13. Saber que hay otras formas aparte de marchar donde se puede llegar a detener tal injusticia y mantener la presión en el gobierno. Como por ejemplo: foros comunitarios; se le puede mandar una copia de la constitución a todos los senadores, congresistas, vice-presidente y presidente de los Estados Unidos para que lo vuelvan a recordar lo que se les olvidó. También, de sus propios libros escolares se les puede mandar a todos los representantes recordándoles que ellos fueron emigrantes. O bien, pueden ser creativos: como mandar una hoja de votar donde el nombre de su repre-sentante no sea seleccionado.

14. Esta es una gran oportunidad para reconocer que no únicamente somos individuos o que solamente formamos parte de una familia; sino también, que formamos parte de una comunidad, estado, país, mundo y universo. Que esto sea sólo el principio de los cambios que se necesitan.

15. Esta es una buena oportunidad para reconocer que hay que VOTAR, aun sabiendo que las elecciones antepasadas fueron robadas. Lo que más le asusta a los gobiernos es la unión pacifica.

16. Su seguridad es lo más importante. Tienen que estar al pendiente de que una persona o grupo mal intencionada pueda causar revuelo. Nunca se les olvide: Para vencer el odio es con amor, para vencer la injusticia es con justicia, para vencer la violencia es con la paz.

Cuando se crea una plena conciencia de lo que sucede se pueden tomar mejores decisiones.

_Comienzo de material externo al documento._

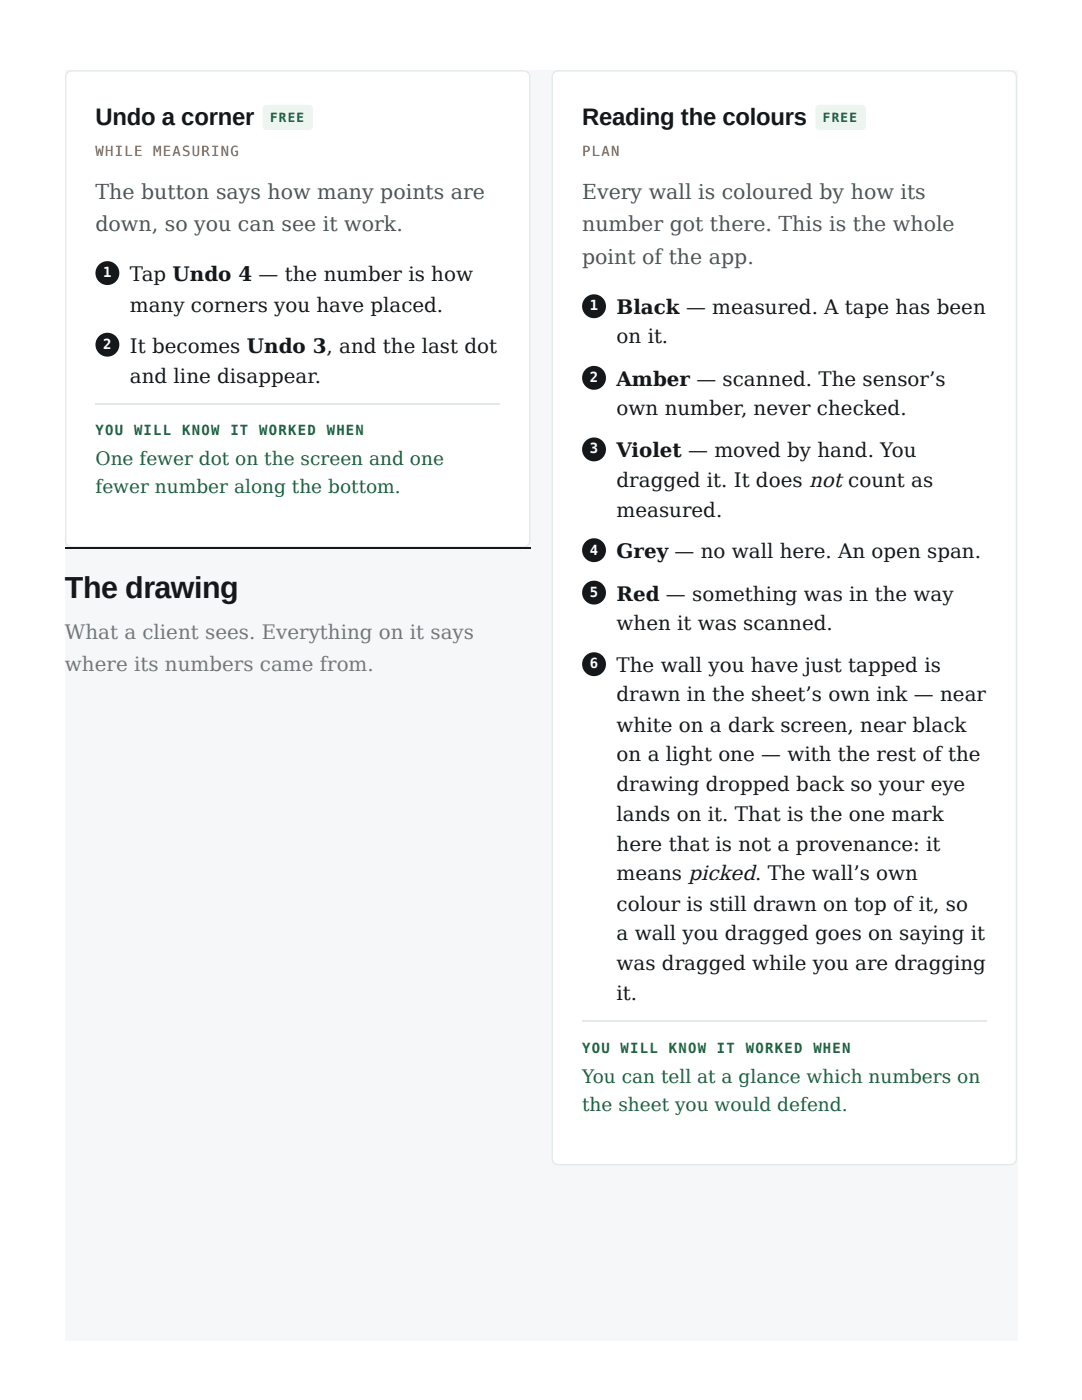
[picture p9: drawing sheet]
<svg xmlns="http://www.w3.org/2000/svg" width="216mm" height="279mm" viewBox="0 0 216 279" stroke-linecap="round" stroke-linejoin="round" font-family="sans-serif">
<defs><g id="words">
<text font-size="6.1" fill="#14181b" x="13" y="119.3">The drawing</text>
<g font-size="4.8" fill="#14181b">
<text x="19" y="24.9">Undo a corner</text>
<text x="116.2" y="24.9">Reading the colours</text>
</g>
<g font-size="4.1" fill="#4a5459">
<text x="19" y="39.7">The button says how many points are</text>
<text x="116.2" y="39.7">Every wall is coloured by how its</text>
<text x="19" y="46">down, so you can see it work.</text>
<text x="116.2" y="46">number got there. This is the whole</text>
<text x="116.2" y="52.7">point of the app.</text>
</g>
<g font-size="4" fill="#14181b">
<text x="25.9" y="56.1">Tap Undo 4 — the number is how</text>
<text x="25.9" y="62.2">many corners you have placed.</text>
<text x="123" y="62.7">Black — measured. A tape has been</text>
<text x="25.9" y="70.4">It becomes Undo 3, and the last dot</text>
<text x="123" y="68.5">on it.</text>
<text x="25.9" y="76.5">and line disappear.</text>
<text x="123" y="77">Amber — scanned. The sensor’s</text>
<text x="123" y="82.8">own number, never checked.</text>
<text x="123" y="91.3">Violet — moved by hand. You</text>
<text x="123" y="97.1">dragged it. It does not count as</text>
<text x="123" y="103.2">measured.</text>
<text x="123" y="111.4">Grey — no wall here. An open span.</text>
<text x="123" y="119.9">Red — something was in the way</text>
<text x="123" y="125.7">when it was scanned.</text>
<text x="123" y="134.1">The wall you have just tapped is</text>
<text x="123" y="140">drawn in the sheet’s own ink — near</text>
<text x="123" y="146">white on a dark screen, near black</text>
<text x="123" y="151.9">on a light one — with the rest of the</text>
<text x="123" y="158">drawing dropped back so your eye</text>
<text x="123" y="163.8">lands on it. That is the one mark</text>
<text x="123" y="169.9">here that is not a provenance: it</text>
<text x="123" y="175.7">means picked. The wall’s own</text>
<text x="123" y="181.8">colour is still drawn on top of it, so</text>
<text x="123" y="187.6">a wall you dragged goes on saying it</text>
<text x="123" y="193.7">was dragged while you are dragging</text>
<text x="123" y="199.5">it.</text>
</g>
<g font-size="4" fill="#6e787e">
<text x="13" y="127.5">What a client sees. Everything on it says</text>
<text x="13" y="133.9">where its numbers came from.</text>
</g>
<g font-size="3.7" fill="#1b6340">
<text x="19" y="92.9">One fewer dot on the screen and one</text>
<text x="19" y="98.4">fewer number along the bottom.</text>
<text x="116.2" y="216.2">You can tell at a glance which numbers on</text>
<text x="116.2" y="221.7">the sheet you would defend.</text>
</g>
<g font-size="2.8" fill="#b8590a">
<text x="19" y="31.2">WHILE</text>
<text x="30.6" y="31.2">MEASURING</text>
<text x="116.2" y="31.2">PLAN</text>
</g>
<g font-size="2.8" fill="#fff">
<text x="20.6" y="55.3">1</text>
<text x="117.7" y="61.9">1</text>
<text x="20.6" y="69.6">2</text>
<text x="117.7" y="76.2">2</text>
<text x="117.7" y="90.5">3</text>
<text x="117.7" y="110.9">4</text>
<text x="117.7" y="119.1">5</text>
<text x="117.7" y="133.3">6</text>
</g>
<g font-size="2.8" fill="#1b6340">
<text x="19" y="86.8">YOU</text>
<text x="26.7" y="86.8">WILL</text>
<text x="36.4" y="86.8">KNOW</text>
<text x="46" y="86.8">IT</text>
<text x="51.7" y="86.8">WORKED</text>
<text x="65.2" y="86.8">WHEN</text>
<text x="116.2" y="210.1">YOU</text>
<text x="123.8" y="210.1">WILL</text>
<text x="133.5" y="210.1">KNOW</text>
<text x="143.1" y="210.1">IT</text>
<text x="148.8" y="210.1">WORKED</text>
<text x="162.3" y="210.1">WHEN</text>
</g>
<g font-size="2.5" fill="#1b6340">
<text x="53.9" y="24.3">FREE</text>
<text x="164.2" y="24.3">FREE</text>
</g>
</g></defs>
<path d="M13 14h189.9v253.5h-189.9z" fill="#f6f7f8"/>
<path d="M13.4 14.5l.9-.3h90.2a1.19 1.19 0 0 1 1.2 1.1v92.6a1.19 1.19 0 0 1-1.2 1.2h-90.2a1.19 1.19 0 0 1-1.2-1.2v-92.6z" fill="#fff"/>
<path d="M13.4 14.5l.9-.3h90.2a1.19 1.19 0 0 1 1.2 1.1v92.6a1.19 1.19 0 0 1-1.2 1.2h-90.2a1.19 1.19 0 0 1-1.2-1.2v-92.6zM19 80.6h80.7" fill="none" stroke="#e3e8ea" stroke-width=".26"/>
<path d="M13 109.4h92.8" fill="none" stroke="#14181b" stroke-width=".26"/>
<path d="M110.5 14.5l.9-.3h90.2a1.19 1.19 0 0 1 1.2 1.1v215.9a1.19 1.19 0 0 1-1.2 1.2h-90.2a1.19 1.19 0 0 1-1.2-1.2v-215.9z" fill="#fff"/>
<path d="M110.5 14.5l.9-.3h90.2a1.19 1.19 0 0 1 1.2 1.1v215.9a1.19 1.19 0 0 1-1.2 1.2h-90.2a1.19 1.19 0 0 1-1.2-1.2v-215.9zM116.2 203.9h80.6" fill="none" stroke="#e3e8ea" stroke-width=".26"/>
<g fill="#edf5f0">
<path d="M52.6 21.1l.6-.2h8.4a.79 .79 0 0 1 .8 .8v3.4a.79 .79 0 0 1-.8 .8h-8.4a.79 .79 0 0 1-.8-.8v-3.4z"/>
<path d="M163 21.1l.5-.2h8.5a.79 .79 0 0 1 .8 .8v3.4a.79 .79 0 0 1-.8 .8h-8.5a.79 .79 0 0 1-.8-.8v-3.4z"/>
</g>
<g fill="#14181b">
<circle cx="21.4" cy="54.5" r="2.38"/>
<circle cx="21.4" cy="68.8" r="2.38"/>
<circle cx="118.5" cy="61.1" r="2.38"/>
<circle cx="118.5" cy="75.4" r="2.38"/>
<circle cx="118.5" cy="89.7" r="2.38"/>
<circle cx="118.5" cy="109.8" r="2.38"/>
<circle cx="118.5" cy="118.3" r="2.38"/>
<circle cx="118.5" cy="132.6" r="2.38"/>
</g>
<use href="#words"/>
</svg>

En la juventud no queremos ni que sean unos borregos ni que sean catalogados por unos rebeldes sin causa. Lo que les sucede a unos cuantos jóvenes es que la sensación de estar en una polémica les da energía y la pueden mal dirigir o tergiversar.

El trabajo de ser padres no es fácil, más aún debido a todas las injusticias. Por eso aquí tienen 16 puntos con los cuales ustedes pueden dialogar con sus hijos o maestros. Y consecuentemente, nuestros hijos obtendrán beneficios emocionales, tales como:

1. Desarrollar un interés en la escuela.

2. Generar un interés en su cultura mexicana, estadounidense y chicana.

3. Participar en el VOTO.

4. Continuar con la educación universitaria.

5. Aprender que la unión hace la fuerza.

6. Que el emigrar a diferentes lugares es un transcurso natural que lo vemos a través de la historia.

7. Los trabajos de los representantes políticos es para servirnos.

8. No tienen que vivir con miedo. ¡Tienen el derecho de hablar y ser escuchados!

9. Nuestros hijos marcharán con orgullo, paz y con un alta estima.